One black and bitter night when even the moon had gone dark, two men dragged a stumbling, gray-cloaked woman down the road from the castle. When they arrived at the gatehouse, the shorter man shoved open the heavy doors facing the main road.
The other man tossed the old woman to the ground. The sneer on his handsome face deepened as her knees hit the hard earth with a thud.
“Get out, old woman. You’re not welcome here,” the short man said, laughing until he started coughing. He sounded like he was choking. “Curse this cold weather,” he muttered once he caught his breath.
The woman begged, “Please, oh, please, Sir Knights, it is cold. Don’t throw me out. I’m all alone. I’ve nothing left but my bones.”
The handsome knight smoothed back his wavy hair and said, “Nothing left, eh? Let’s see. You might be right.” He started counting on his fingers. “No husband, right?”
She stared at him in shock.
“True,” the choking knight said. “He’s dead. Quite dead.”
A fire began to kindle in the woman’s pale eyes.
The handsome knight continued, leaning elegantly against the gatehouse doorway. “No king.”
The choking knight laughed until he had another coughing fit. When he could speak again, he said, “That’s right. The king’s dead too. But you know that,” he said, leaning over the woman. “You watched him die. You couldn’t do anything to save him, could you?”
The fire in her eyes disappeared as the woman began to cry without a sound.
“It’s cold,” the handsome knight said with a yawn and a shiver. “I’m going back inside.” He nudged the woman out of the doorway with his foot. “Be gone, old woman. Never show your face here again!”
The knights crashed the doors shut in her face. She tottered to her feet, only to wander through the village crying out, “Please, have pity on an old woman! Have mercy!” over and over again. No one heard her frail cries for help. Exhausted, she spent the rest of the night in a ditch, huddled under a pile of dry leaves. At first light she turned her back on the village, realizing there was only one place left for her to go.
“You won’t be rid of me that easy, you filthy knights,” she muttered. “You robbed me of everything I loved—my home—my husband—even my king. You’ll pay for this!” She set off across the fields, disappearing into the thick morning fog.
Our horses’ hooves left trails of puddles as we plodded along the rain-soaked path. Dripping leaves scattered us with icy drops, making me glad I wore a thick wool cloak. Outside, I felt cold and wet and uncomfortable, but inside I buzzed with happiness like bees in a hive of fresh honey. My best friend Kaye and I were on our way to live at the queen’s castle, and that could mean only one thing—adventure!
“Are we almost there? I’m so excited!

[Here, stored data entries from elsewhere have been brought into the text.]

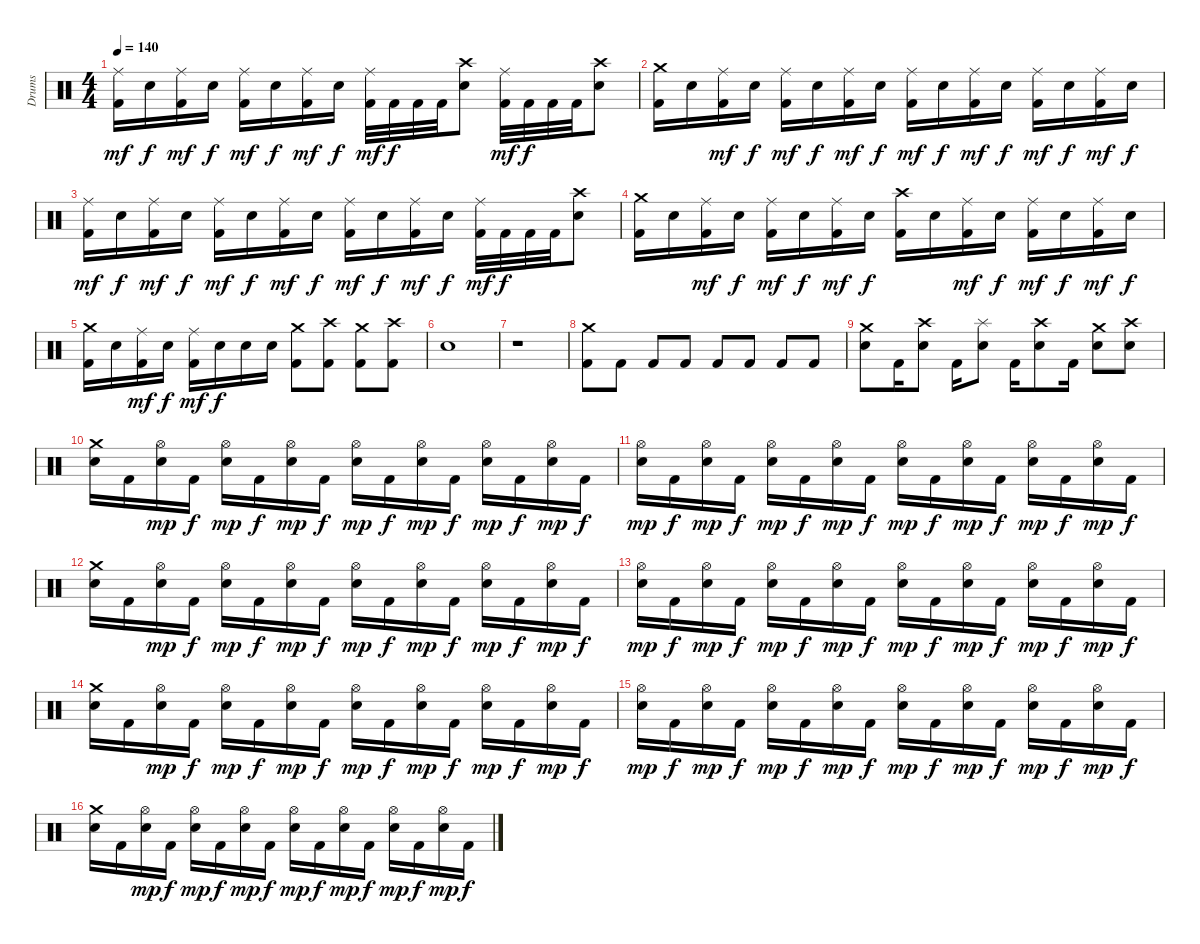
\track ("Drums" "Drums") {instrument percussion}
\staff {score}
\articulation defaults
\ts (4 4)
\tempo 140
\clef neutral
\ks c
("Ride (middle)" "Kick (hit) 2").16{dy mf} "Snare (hit) 2".16{dy f} ("Ride (middle)" "Kick (hit) 2").16{dy mf} "Snare (hit) 2".16{dy f} ("Ride (middle)" "Kick (hit) 2").16{dy mf} "Snare (hit) 2".16{dy f} ("Ride (middle)" "Kick (hit) 2").16{dy mf} "Snare (hit) 2".16{dy f} ("Ride (middle)" "Kick (hit) 2").32{dy mf} "Kick (hit) 2".32{dy f} "Kick (hit) 2".32 "Kick (hit) 2".32 ("Crash high (hit)" "Snare (hit) 2").8 ("Ride (middle)" "Kick (hit) 2").32{dy mf} "Kick (hit) 2".32{dy f} "Kick (hit) 2".32 "Kick (hit) 2".32 ("Crash high (hit)" "Snare (hit) 2").8 |
("Crash medium (hit)" "Kick (hit) 2").16 "Snare (hit) 2".16 ("Ride (middle)" "Kick (hit) 2").16{dy mf} "Snare (hit) 2".16{dy f} ("Ride (middle)" "Kick (hit) 2").16{dy mf} "Snare (hit) 2".16{dy f} ("Ride (middle)" "Kick (hit) 2").16{dy mf} "Snare (hit) 2".16{dy f} ("Ride (middle)" "Kick (hit) 2").16{dy mf} "Snare (hit) 2".16{dy f} ("Ride (middle)" "Kick (hit) 2").16{dy mf} "Snare (hit) 2".16{dy f} ("Ride (middle)" "Kick (hit) 2").16{dy mf} "Snare (hit) 2".16{dy f} ("Ride (middle)" "Kick (hit) 2").16{dy mf} "Snare (hit) 2".16{dy f} |
("Ride (middle)" "Kick (hit) 2").16{dy mf} "Snare (hit) 2".16{dy f} ("Ride (middle)" "Kick (hit) 2").16{dy mf} "Snare (hit) 2".16{dy f} ("Ride (middle)" "Kick (hit) 2").16{dy mf} "Snare (hit) 2".16{dy f} ("Ride (middle)" "Kick (hit) 2").16{dy mf} "Snare (hit) 2".16{dy f} ("Ride (middle)" "Kick (hit) 2").16{dy mf} "Snare (hit) 2".16{dy f} ("Ride (middle)" "Kick (hit) 2").16{dy mf} "Snare (hit) 2".16{dy f} ("Ride (middle)" "Kick (hit) 2").32{dy mf} "Kick (hit) 2".32{dy f} "Kick (hit) 2".32 "Kick (hit) 2".32 ("Crash high (hit)" "Snare (hit) 2").8 |
("Crash medium (hit)" "Kick (hit) 2").16 "Snare (hit) 2".16 ("Ride (middle)" "Kick (hit) 2").16{dy mf} "Snare (hit) 2".16{dy f} ("Ride (middle)" "Kick (hit) 2").16{dy mf} "Snare (hit) 2".16{dy f} ("Ride (middle)" "Kick (hit) 2").16{dy mf} "Snare (hit) 2".16{dy f} ("Crash high (hit)" "Kick (hit) 2").16 "Snare (hit) 2".16 ("Ride (middle)" "Kick (hit) 2").16{dy mf} "Snare (hit) 2".16{dy f} ("Ride (middle)" "Kick (hit) 2").16{dy mf} "Snare (hit) 2".16{dy f} ("Ride (middle)" "Kick (hit) 2").16{dy mf} "Snare (hit) 2".16{dy f} |
("Crash medium (hit)" "Kick (hit) 2").16 "Snare (hit) 2".16 ("Ride (middle)" "Kick (hit) 2").16{dy mf} "Snare (hit) 2".16{dy f} ("Ride (middle)" "Kick (hit) 2").16{dy mf} "Snare (hit) 2".16{dy f} "Snare (hit) 2".16 "Snare (hit) 2".16 ("Crash medium (hit)" "Kick (hit) 2").8 ("Crash high (hit)" "Kick (hit) 2").8 ("Crash medium (hit)" "Kick (hit) 2").8 ("Crash high (hit)" "Kick (hit) 2").8 |
"Snare (hit) 2".1 |
r.1 |
("Crash medium (hit)" "Kick (hit) 2").8 "Kick (hit) 2".8 "Kick (hit) 2".8 "Kick (hit) 2".8 "Kick (hit) 2".8 "Kick (hit) 2".8 "Kick (hit) 2".8 "Kick (hit) 2".8 |
("Crash medium (hit)" "Snare (hit) 2").8 "Kick (hit) 2".16 ("Crash high (hit)" "Snare (hit) 2").8 "Kick (hit) 2".16 ("Splash (hit)" "Snare (hit) 2").8 "Kick (hit) 2".16 ("Crash high (hit)" "Snare (hit) 2").8 "Kick (hit) 2".16 ("Crash medium (hit)" "Snare (hit) 2").8 ("Crash high (hit)" "Snare (hit) 2").8 |
("Crash medium (hit)" "Snare (hit) 2").16 "Kick (hit) 2".16 ("Hi-Hat (open)" "Snare (hit) 2").16{dy mp} "Kick (hit) 2".16{dy f} ("Hi-Hat (open)" "Snare (hit) 2").16{dy mp} "Kick (hit) 2".16{dy f} ("Hi-Hat (open)" "Snare (hit) 2").16{dy mp} "Kick (hit) 2".16{dy f} ("Hi-Hat (open)" "Snare (hit) 2").16{dy mp} "Kick (hit) 2".16{dy f} ("Hi-Hat (open)" "Snare (hit) 2").16{dy mp} "Kick (hit) 2".16{dy f} ("Hi-Hat (open)" "Snare (hit) 2").16{dy mp} "Kick (hit) 2".16{dy f} ("Hi-Hat (open)" "Snare (hit) 2").16{dy mp} "Kick (hit) 2".16{dy f} |
("Hi-Hat (open)" "Snare (hit) 2").16{dy mp} "Kick (hit) 2".16{dy f} ("Hi-Hat (open)" "Snare (hit) 2").16{dy mp} "Kick (hit) 2".16{dy f} ("Hi-Hat (open)" "Snare (hit) 2").16{dy mp} "Kick (hit) 2".16{dy f} ("Hi-Hat (open)" "Snare (hit) 2").16{dy mp} "Kick (hit) 2".16{dy f} ("Hi-Hat (open)" "Snare (hit) 2").16{dy mp} "Kick (hit) 2".16{dy f} ("Hi-Hat (open)" "Snare (hit) 2").16{dy mp} "Kick (hit) 2".16{dy f} ("Hi-Hat (open)" "Snare (hit) 2").16{dy mp} "Kick (hit) 2".16{dy f} ("Hi-Hat (open)" "Snare (hit) 2").16{dy mp} "Kick (hit) 2".16{dy f} |
("Crash medium (hit)" "Snare (hit) 2").16 "Kick (hit) 2".16 ("Hi-Hat (open)" "Snare (hit) 2").16{dy mp} "Kick (hit) 2".16{dy f} ("Hi-Hat (open)" "Snare (hit) 2").16{dy mp} "Kick (hit) 2".16{dy f} ("Hi-Hat (open)" "Snare (hit) 2").16{dy mp} "Kick (hit) 2".16{dy f} ("Hi-Hat (open)" "Snare (hit) 2").16{dy mp} "Kick (hit) 2".16{dy f} ("Hi-Hat (open)" "Snare (hit) 2").16{dy mp} "Kick (hit) 2".16{dy f} ("Hi-Hat (open)" "Snare (hit) 2").16{dy mp} "Kick (hit) 2".16{dy f} ("Hi-Hat (open)" "Snare (hit) 2").16{dy mp} "Kick (hit) 2".16{dy f} |
("Hi-Hat (open)" "Snare (hit) 2").16{dy mp} "Kick (hit) 2".16{dy f} ("Hi-Hat (open)" "Snare (hit) 2").16{dy mp} "Kick (hit) 2".16{dy f} ("Hi-Hat (open)" "Snare (hit) 2").16{dy mp} "Kick (hit) 2".16{dy f} ("Hi-Hat (open)" "Snare (hit) 2").16{dy mp} "Kick (hit) 2".16{dy f} ("Hi-Hat (open)" "Snare (hit) 2").16{dy mp} "Kick (hit) 2".16{dy f} ("Hi-Hat (open)" "Snare (hit) 2").16{dy mp} "Kick (hit) 2".16{dy f} ("Hi-Hat (open)" "Snare (hit) 2").16{dy mp} "Kick (hit) 2".16{dy f} ("Hi-Hat (open)" "Snare (hit) 2").16{dy mp} "Kick (hit) 2".16{dy f} |
("Crash medium (hit)" "Snare (hit) 2").16 "Kick (hit) 2".16 ("Hi-Hat (open)" "Snare (hit) 2").16{dy mp} "Kick (hit) 2".16{dy f} ("Hi-Hat (open)" "Snare (hit) 2").16{dy mp} "Kick (hit) 2".16{dy f} ("Hi-Hat (open)" "Snare (hit) 2").16{dy mp} "Kick (hit) 2".16{dy f} ("Hi-Hat (open)" "Snare (hit) 2").16{dy mp} "Kick (hit) 2".16{dy f} ("Hi-Hat (open)" "Snare (hit) 2").16{dy mp} "Kick (hit) 2".16{dy f} ("Hi-Hat (open)" "Snare (hit) 2").16{dy mp} "Kick (hit) 2".16{dy f} ("Hi-Hat (open)" "Snare (hit) 2").16{dy mp} "Kick (hit) 2".16{dy f} |
("Hi-Hat (open)" "Snare (hit) 2").16{dy mp} "Kick (hit) 2".16{dy f} ("Hi-Hat (open)" "Snare (hit) 2").16{dy mp} "Kick (hit) 2".16{dy f} ("Hi-Hat (open)" "Snare (hit) 2").16{dy mp} "Kick (hit) 2".16{dy f} ("Hi-Hat (open)" "Snare (hit) 2").16{dy mp} "Kick (hit) 2".16{dy f} ("Hi-Hat (open)" "Snare (hit) 2").16{dy mp} "Kick (hit) 2".16{dy f} ("Hi-Hat (open)" "Snare (hit) 2").16{dy mp} "Kick (hit) 2".16{dy f} ("Hi-Hat (open)" "Snare (hit) 2").16{dy mp} "Kick (hit) 2".16{dy f} ("Hi-Hat (open)" "Snare (hit) 2").16{dy mp} "Kick (hit) 2".16{dy f} |
("Crash medium (hit)" "Snare (hit) 2").16 "Kick (hit) 2".16 ("Hi-Hat (open)" "Snare (hit) 2").16{dy mp} "Kick (hit) 2".16{dy f} ("Hi-Hat (open)" "Snare (hit) 2").16{dy mp} "Kick (hit) 2".16{dy f} ("Hi-Hat (open)" "Snare (hit) 2").16{dy mp} "Kick (hit) 2".16{dy f} ("Hi-Hat (open)" "Snare (hit) 2").16{dy mp} "Kick (hit) 2".16{dy f} ("Hi-Hat (open)" "Snare (hit) 2").16{dy mp} "Kick (hit) 2".16{dy f} ("Hi-Hat (open)" "Snare (hit) 2").16{dy mp} "Kick (hit) 2".16{dy f} ("Hi-Hat (open)" "Snare (hit) 2").16{dy mp} "Kick (hit) 2".16{dy f}

Aren’t you excited?” I asked, forgetting that Kaye already lived in a castle. His father was Sir Henry Balfour, the greatest knight in Knox. I lived in the town of Crofton, where my father was a wool merchant.
“Yes, of course,” Kaye said. He rubbed his chin hard, which meant he was thinking.
“What’s wrong?” I asked.
Alfred frowned at me. He never spoke, but I knew he wanted me to be quieter. Bandits lurked along every road in Knox, and Alfred’s job was to deliver us safely to the castle.
“The other knights at the castle won’t be happy to see me again. Most of them hate me,” Kaye said.
He was right. A few weeks ago, the new queen of Knox had knighted Kaye for rescuing her nephew. At first, the knights only laughed at the idea of a twelve-year-old knight, but after Kaye defeated the great Sir Melchor in a tournament contest, they hated him—especially Sir Melchor and his friends.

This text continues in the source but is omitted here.